Information given: Begin

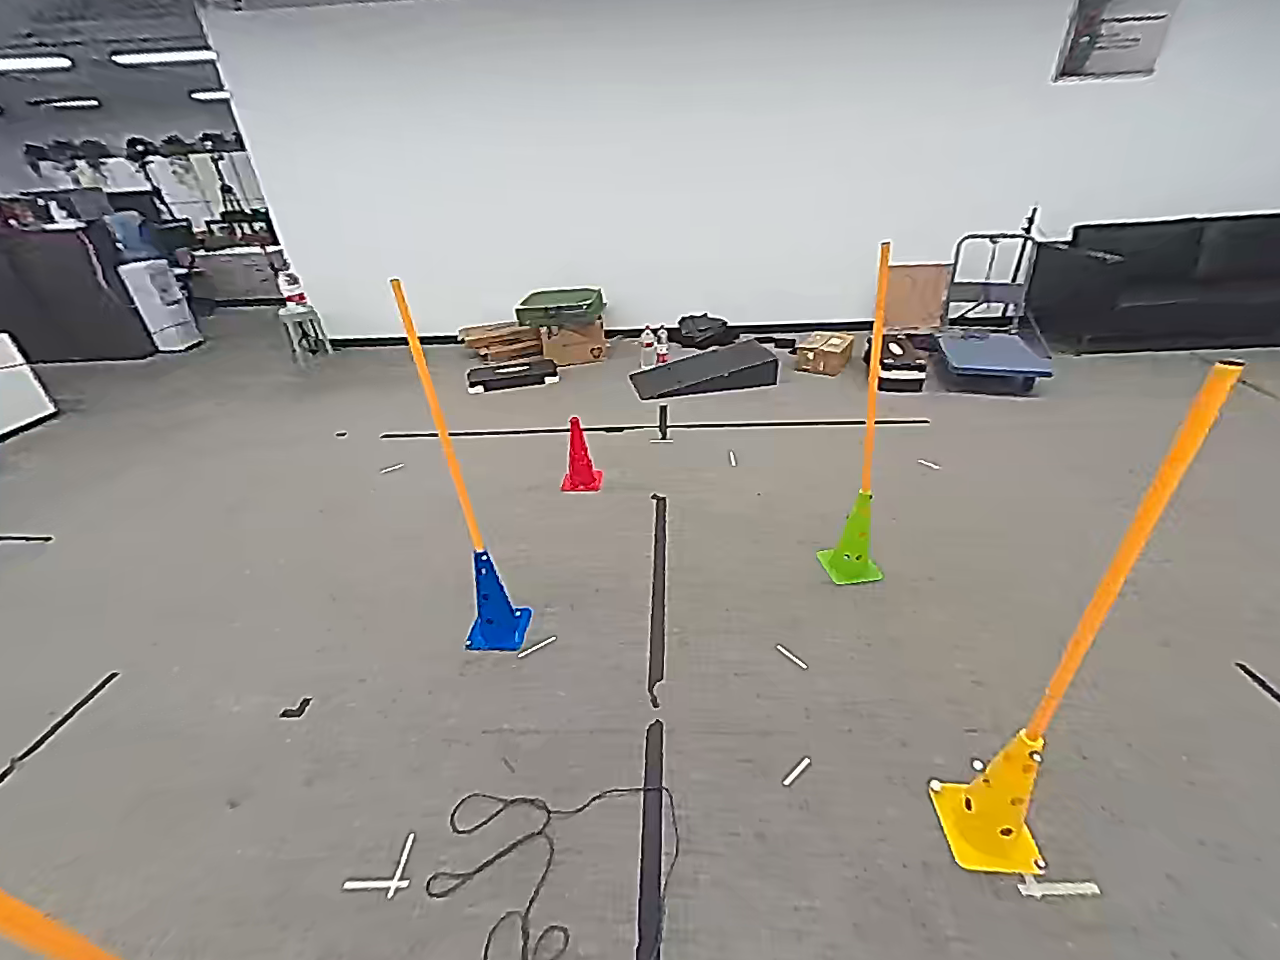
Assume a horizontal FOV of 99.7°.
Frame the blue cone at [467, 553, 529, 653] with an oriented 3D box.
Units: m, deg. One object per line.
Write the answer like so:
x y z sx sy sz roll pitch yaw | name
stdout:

Information given: End
Information given: Begin

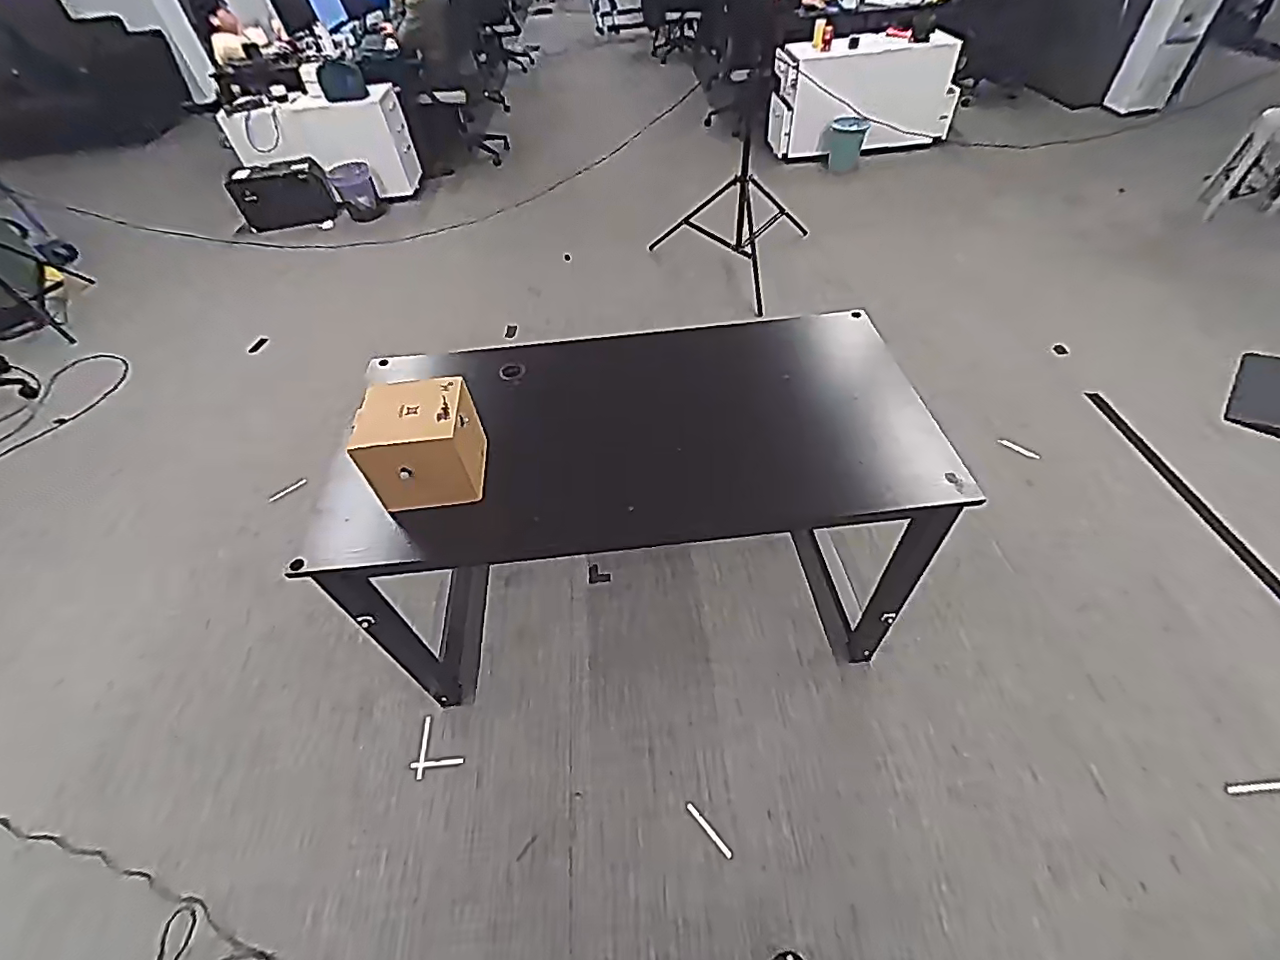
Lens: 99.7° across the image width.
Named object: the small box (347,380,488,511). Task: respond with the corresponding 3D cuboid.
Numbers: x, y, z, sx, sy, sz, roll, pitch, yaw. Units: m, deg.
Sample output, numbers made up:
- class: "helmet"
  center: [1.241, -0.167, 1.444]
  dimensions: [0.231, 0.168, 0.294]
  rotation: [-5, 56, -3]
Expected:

Information given: End
Information given: Begin

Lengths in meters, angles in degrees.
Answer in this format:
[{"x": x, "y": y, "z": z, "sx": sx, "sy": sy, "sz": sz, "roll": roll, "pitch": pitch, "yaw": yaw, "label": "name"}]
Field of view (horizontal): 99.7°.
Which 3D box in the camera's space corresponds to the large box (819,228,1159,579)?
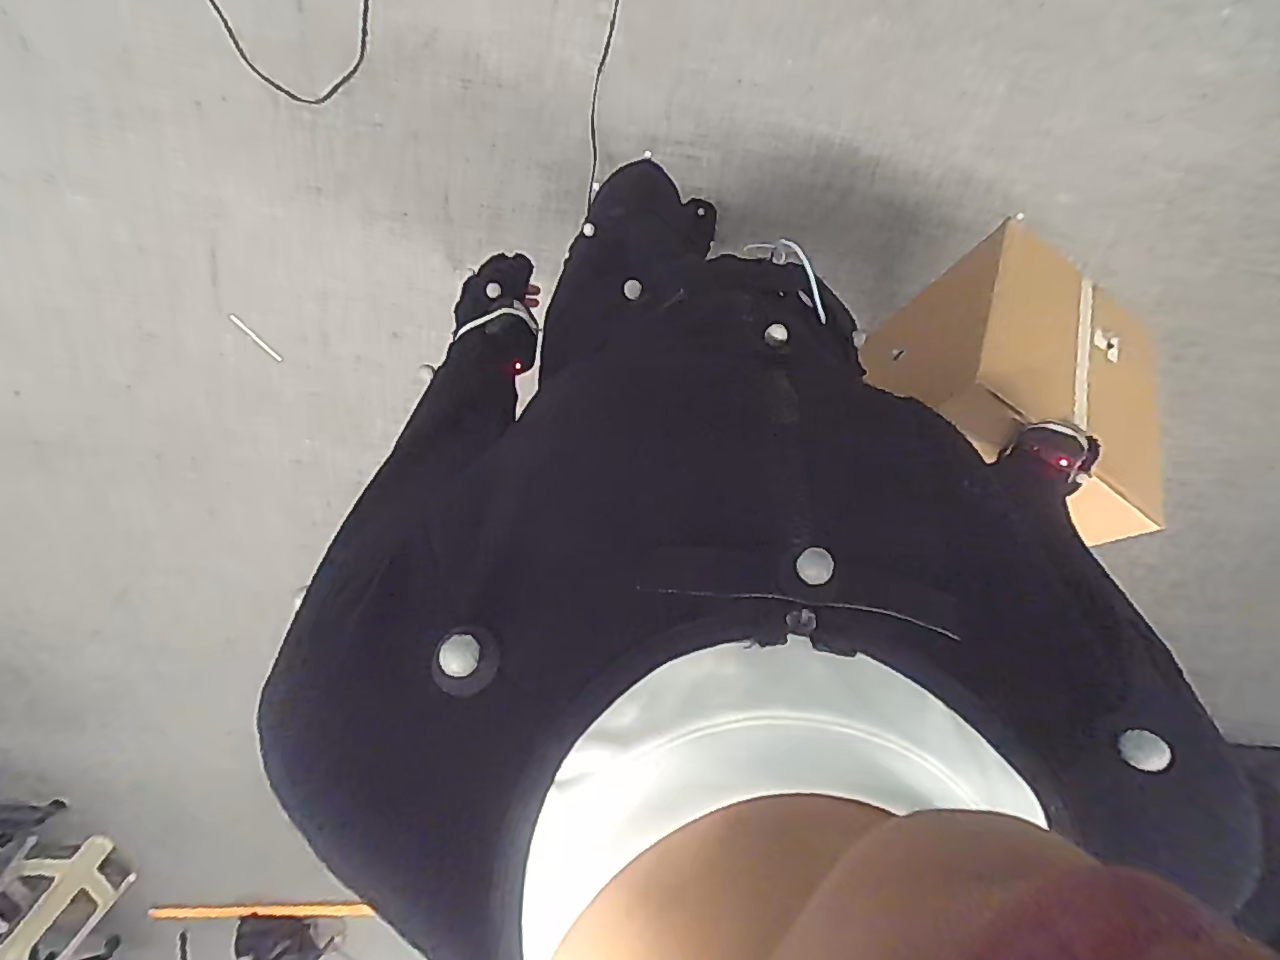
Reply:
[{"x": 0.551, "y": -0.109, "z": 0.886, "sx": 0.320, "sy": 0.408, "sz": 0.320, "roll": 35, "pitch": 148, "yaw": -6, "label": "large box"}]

Information given: End

--- Work request ---
Using the material, show each line where the string "horizontal" can be found.

--- Your solution ---
Assume a horizontal FOV of 99.7°.
Field of view (horizontal): 99.7°.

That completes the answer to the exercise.